* _Exercise prompt_
The required output is the complete data, repeated without alteration.

* _Recorded information_
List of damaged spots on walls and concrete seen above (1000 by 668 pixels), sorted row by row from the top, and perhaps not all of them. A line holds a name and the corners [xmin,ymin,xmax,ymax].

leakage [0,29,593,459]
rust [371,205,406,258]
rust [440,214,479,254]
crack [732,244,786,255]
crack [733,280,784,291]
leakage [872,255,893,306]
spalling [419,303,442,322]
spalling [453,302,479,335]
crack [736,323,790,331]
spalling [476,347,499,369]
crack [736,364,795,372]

* _Task result_
List of damaged spots on walls and concrete seen above (1000 by 668 pixels), sorted row by row from the top, and perhaps not all of them. A line holds a name and the corners [xmin,ymin,xmax,ymax].

leakage [0,29,593,459]
rust [371,205,406,258]
rust [440,214,479,254]
crack [732,244,786,255]
crack [733,280,784,291]
leakage [872,255,893,306]
spalling [419,303,442,322]
spalling [453,302,479,335]
crack [736,323,790,331]
spalling [476,347,499,369]
crack [736,364,795,372]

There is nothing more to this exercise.